Even the hope of sunlight horrifies.
Of course it does. You’ve mapped
these tunnels by touch, felt
every crevice in swallowing blackness,
crawled through shale ‘til flayed
knees turned to blood-red ore,
carved a bed from rock and laid in it,
let your back grow hard and grooved,
let the embers of ambition fade,
let frost drain the colour from
fingers, limbs, face.

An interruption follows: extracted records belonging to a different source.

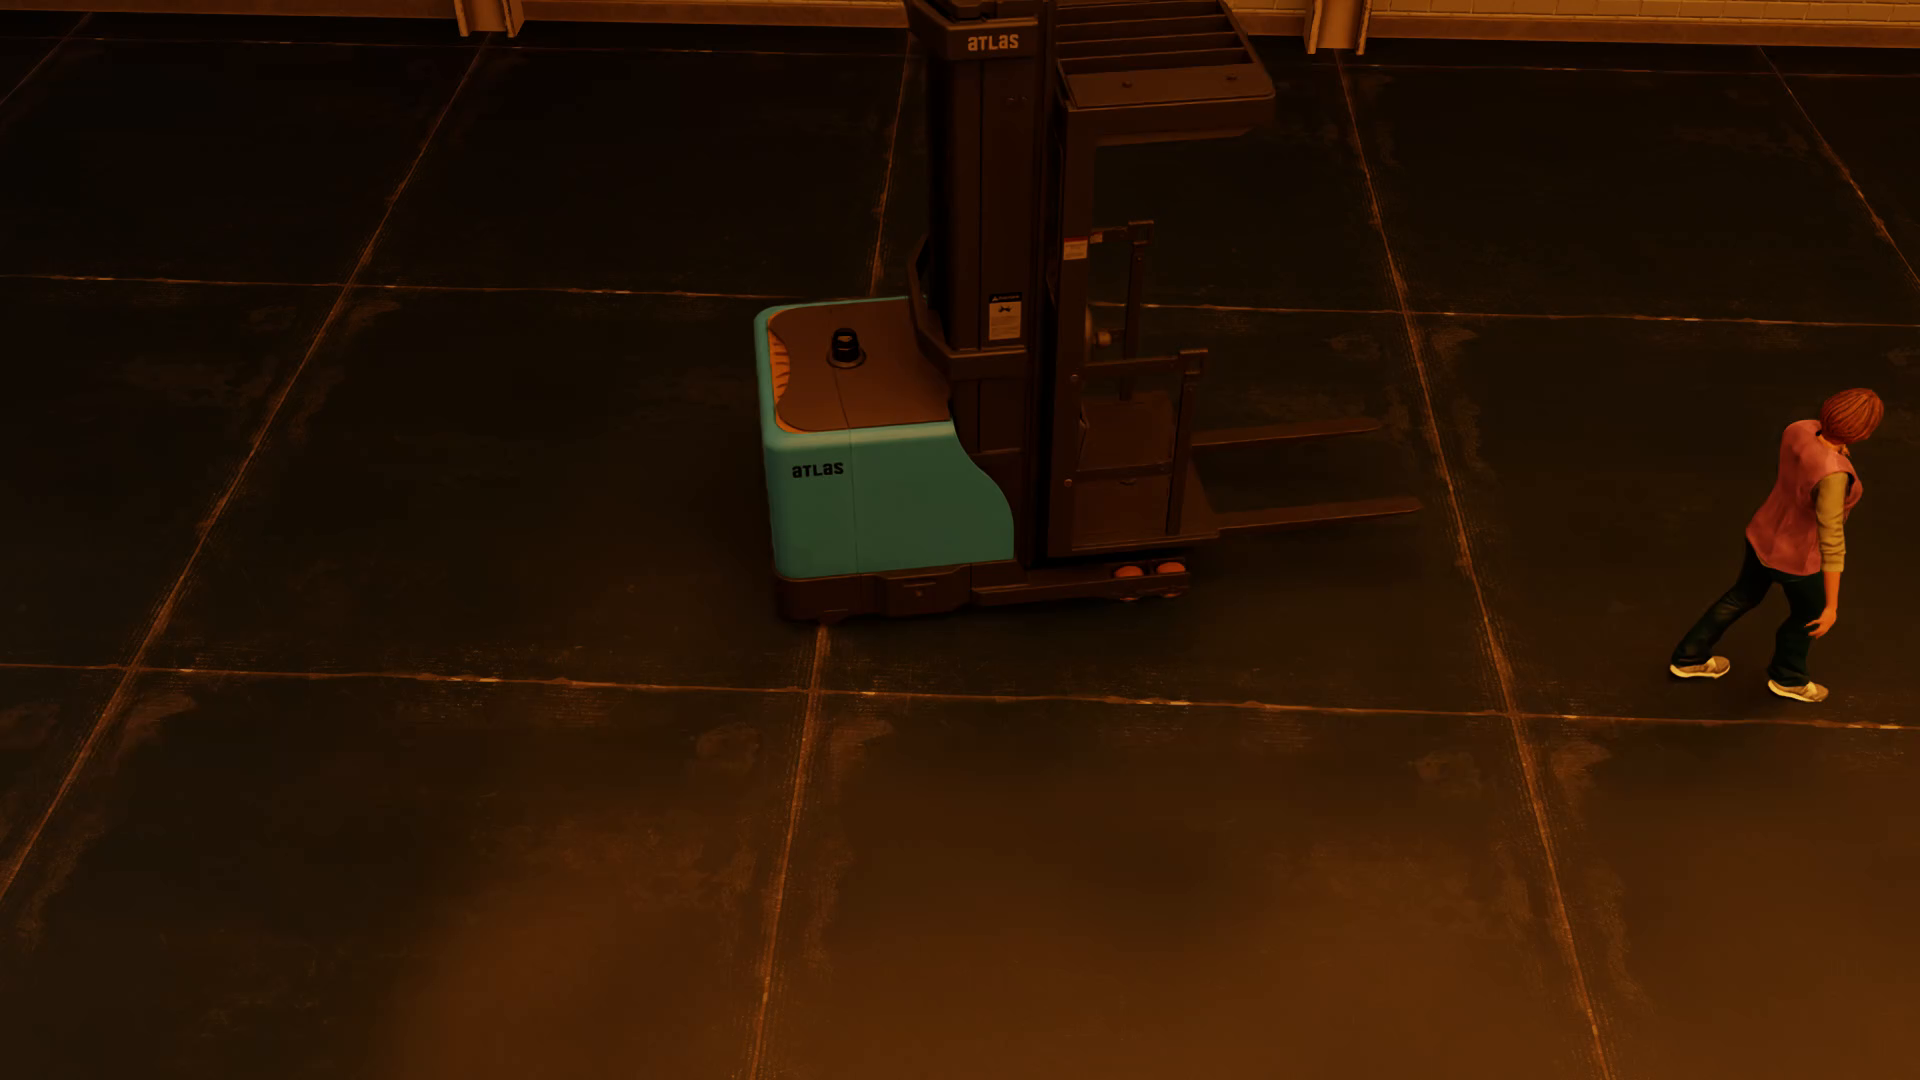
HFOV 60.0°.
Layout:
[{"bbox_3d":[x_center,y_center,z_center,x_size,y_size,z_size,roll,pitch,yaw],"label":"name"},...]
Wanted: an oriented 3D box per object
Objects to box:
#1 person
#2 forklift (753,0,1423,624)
[{"bbox_3d":[3.417,0.060,6.709,0.658,1.579,0.847,-4,43,-4],"label":"person"},{"bbox_3d":[0.616,-1.153,7.005,3.031,2.935,1.130,-5,43,-6],"label":"forklift"}]

All that time
devoted to fossilising, and now
you want
to want
to be anything but a golem
of stone and bone and ice?
Yes.
I want
to want
to be my own Prometheus, set myself
on fire to guide my journey, let burning
light unite with metabolic alchemy, unleash
free radicals to dynamite the elements,
oxidise my guts with every breath, shed
cells that can’t be regrown, every reckless
division inviting mutation, a fragile tower of
biochemistry, daring entropy to bring it down,
to howl; to weep for what is lost
but not what could have been,
blackened footprints where I stagger,
scratch a message in the ashes where I fall:
‘And yet they were glad
to be anything but that calcified thing,
to be one of the hideous living.’
Becca used to write poetry to procrastinate from their Biology degree and accidentally procrastinated their way into a writing career. They've published individual poems in anthologies More Exhibitionism, BFS: Horizons, Vortex, and Poetry For All, and they contributed twelve poems to the joint collection Steel-Tipped Snowflakes. In their spare time, Becca likes to get together with friends and pretend to be other people. Sometimes there are costumes and foam swords involved.